Each utility function operates with the principals of immutability: none of the input sets are modified in the process or result of calculation.
Set Operations:
A ∖ B
difference: The difference of sets contains all the elements of the first set, not contained in other sets.
import { difference } from 'set-utilities';
const differenceAB = difference(setA, setB);
const differenceABC = difference(setA, setB, setC);
A ∩ B
intersection: The intersection of sets contains all the elements each contained in every set.
import { intersection } from 'set-utilities';
const intersectionAB = intersection(setA, setB);
const intersectionABC = intersection(setA, setB, setC);
A ∪ B
union: The union of sets contains all the elements each contained in any set.
import { union } from 'set-utilities';
const unionAB = union(setA, setB);
const unionABC = union(setA, setB, setC);
A ∆ B
symmetric difference (xor): The symmetric difference of sets contains only the unique elements of each set.
import { xor } from 'set-utilities';
const xorAB = xor(setA, setB);
const xorABC = xor(setA, setB, setC);
Set Comparisons:
A ∼ B
equivalence: Sets are equivalent if they have the same cardinality, and there is a bijection between the elements contained in each set.
import { equivalence } from 'set-utilities';
const isEquivalentAB = equivalence(setA, setB);
const isEquivalentABC = equivalence(setA, setB, setC);
A ∩ B = ∅
disjoint: Sets are disjoint if they have no elements in common.
import { disjoint } from 'set-utilities';
const isDisjointAB = disjoint(setA, setB);
const isDisjointABC = disjoint(setA, setB, setC);
A ∩ B ∩ C = ∅
pairwise disjoint: A family of sets are pairwise disjoint if none of the sets share any elements in common.
import { pairwiseDisjoint } from 'set-utilities';
const isPairwiseDisjointAB = pairwiseDisjoint(setA, setB);
const isPairwiseDisjointABC = pairwiseDisjoint(setA, setB, setC);
A ⊆ B
subset: A set is a subset of another if all of its elements are contained in the other set.
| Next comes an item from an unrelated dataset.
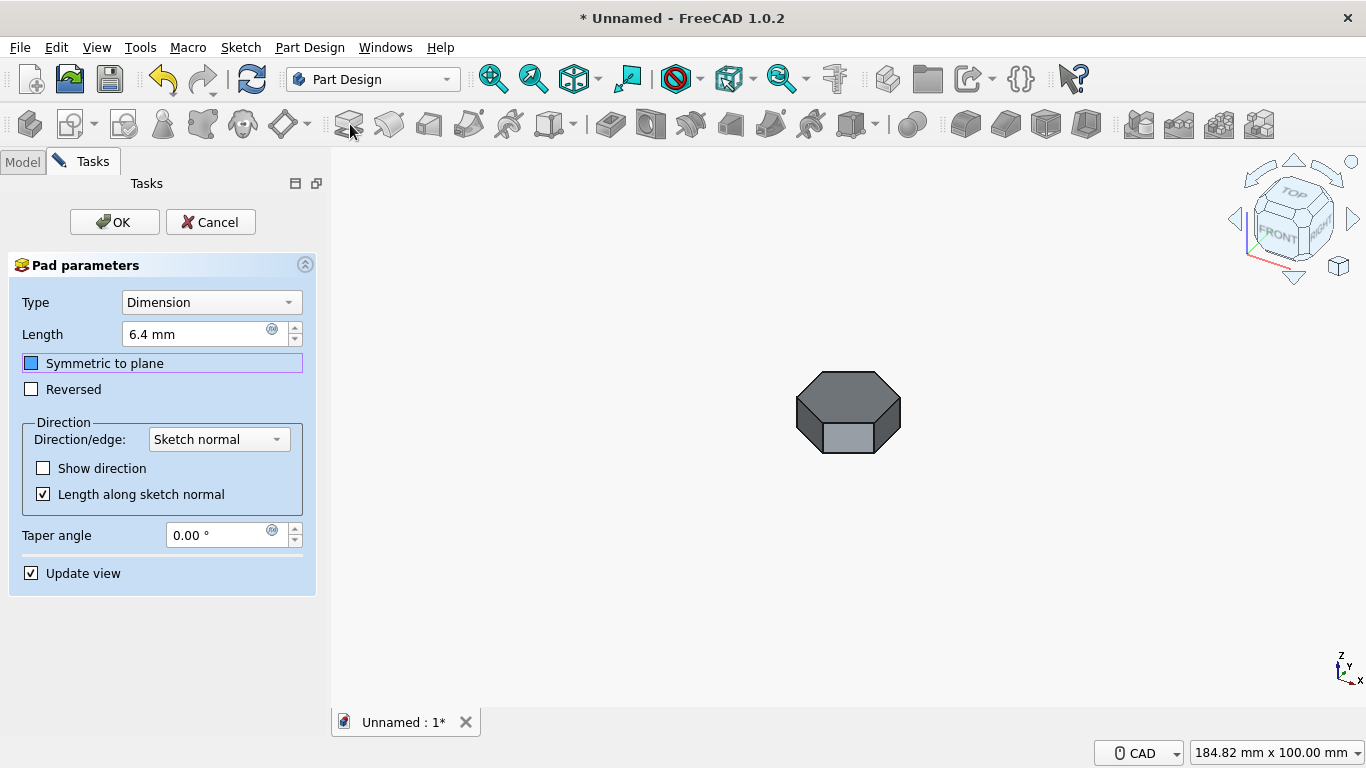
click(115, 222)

import { subset } from 'set-utilities';
const isSubsetAB = subset(setA, setB);
const isSubsetABC = subset(setA, setB, setC);
A ⊂ B
proper subset: A set is a proper subset of another if all of its elements are contained in the other set, and it has a lower cardinality than the other set.
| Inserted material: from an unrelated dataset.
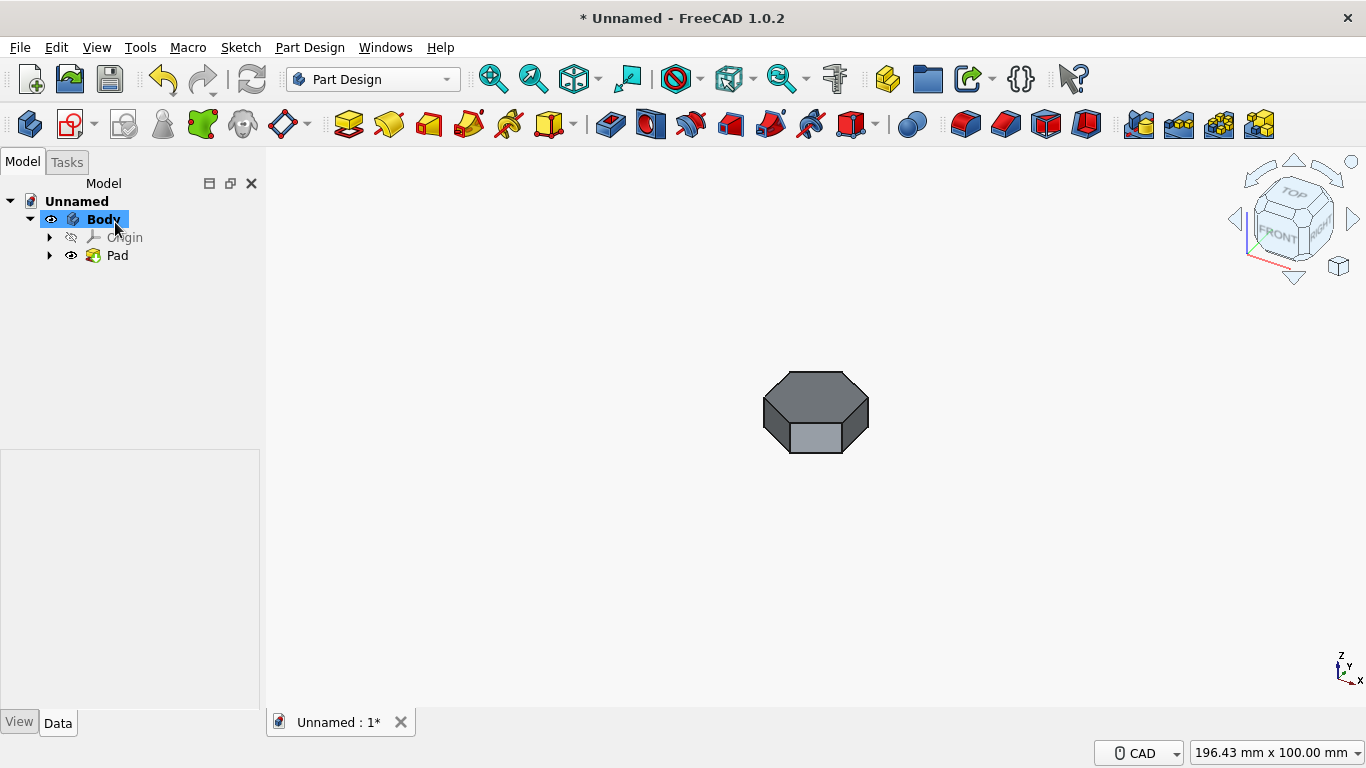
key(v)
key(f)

import { properSubset } from 'set-utilities';
const isProperSubsetAB = properSubset(setA, setB);
const isProperSubsetABC = properSubset(setA, setB, setC);
A ⊇ B
superset: A set is a superset of another if it contains all the elements contained in the other set.
import { superset } from 'set-utilities';
const isSupersetAB = superset(setA, setB);
const isSupersetABC = superset(setA, setB, setC);
A ⊃ B
proper superset: A set is a proper superset of another if it contains all the elements contained in the other set, and it has a greater cardinality than the other set.
import { properSuperset } from 'set-utilities';
const isProperSupersetAB = properSuperset(setA, setB);
const isProperSupersetABC = properSuperset(setA, setB, setC);
Set Ordering:
A ⇅
sort: An immutable sorting operation for sets.
import { sort } from 'set-utilities';
const sortedA = sort(setA);
const sortedB = sort(setB, compareFunction);